## INFORMATION PROVIDED
──────────
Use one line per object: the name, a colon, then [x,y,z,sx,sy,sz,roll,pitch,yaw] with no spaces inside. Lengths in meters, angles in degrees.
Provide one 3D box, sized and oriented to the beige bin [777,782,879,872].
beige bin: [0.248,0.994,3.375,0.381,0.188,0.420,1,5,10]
──────────
Write out the data again, exactly and in full.

## RESPONSE TO THE TASK
Use one line per object: the name, a colon, then [x,y,z,sx,sy,sz,roll,pitch,yaw] with no spaces inside. Lengths in meters, angles in degrees.
Provide one 3D box, sized and oriented to the beige bin [777,782,879,872].
beige bin: [0.248,0.994,3.375,0.381,0.188,0.420,1,5,10]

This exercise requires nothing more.